## Try it
Every line in the records below that holds the word "Number" is to be copied.
****
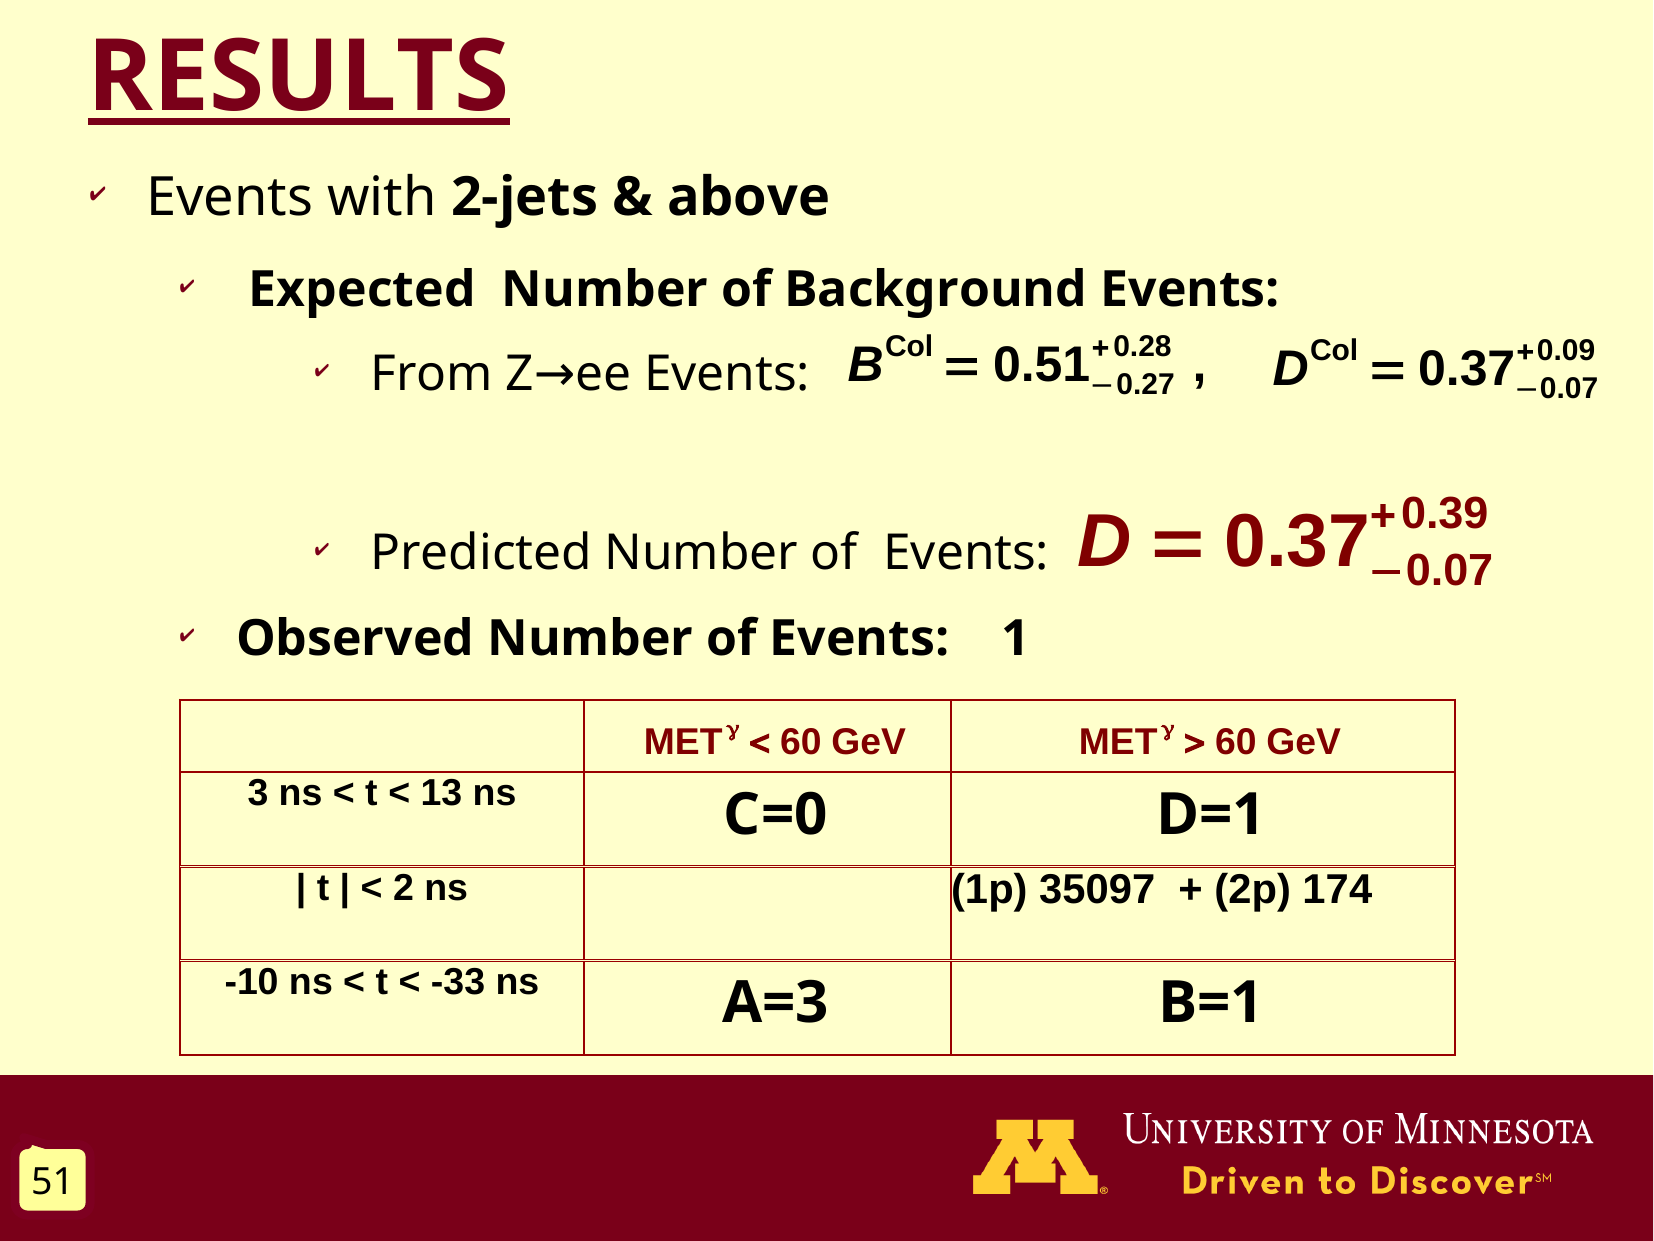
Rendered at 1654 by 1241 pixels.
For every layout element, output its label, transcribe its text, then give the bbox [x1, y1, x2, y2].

table_cell [585, 868, 950, 959]
table_cell C=0 [585, 773, 950, 865]
chart [840, 376, 1214, 402]
list From Z→ee Events: Predicted Number of Events: [300, 330, 1636, 595]
list Observed Number of Events: 1 [165, 594, 1306, 691]
table_cell | t | < 2 ns [181, 868, 583, 959]
table_cell B=1 [952, 962, 1454, 1054]
picture [0, 1075, 1654, 1241]
list Events with 2-jets & above [75, 150, 1606, 246]
list Expected Number of Background Events: [165, 245, 1306, 376]
table_cell 3 ns < t < 13 ns [181, 773, 583, 865]
chart [1069, 488, 1501, 595]
table_header [585, 701, 950, 771]
chart [1072, 720, 1351, 762]
chart [637, 720, 916, 762]
table_cell -10 ns < t < -33 ns [181, 962, 583, 1054]
chart [1264, 333, 1606, 406]
table_cell (1p) 35097 + (2p) 174 [952, 868, 1454, 959]
table_header [181, 701, 583, 771]
table_header [952, 701, 1454, 771]
table_cell A=3 [585, 962, 950, 1054]
title RESULTS [73, 2, 1574, 138]
text_box 51 [15, 1137, 91, 1216]
table_cell D=1 [952, 773, 1454, 865]
****
## Task answer
list From Z→ee Events: Predicted Number of Events: [300, 330, 1636, 595]
list Observed Number of Events: 1 [165, 594, 1306, 691]
list Expected Number of Background Events: [165, 245, 1306, 376]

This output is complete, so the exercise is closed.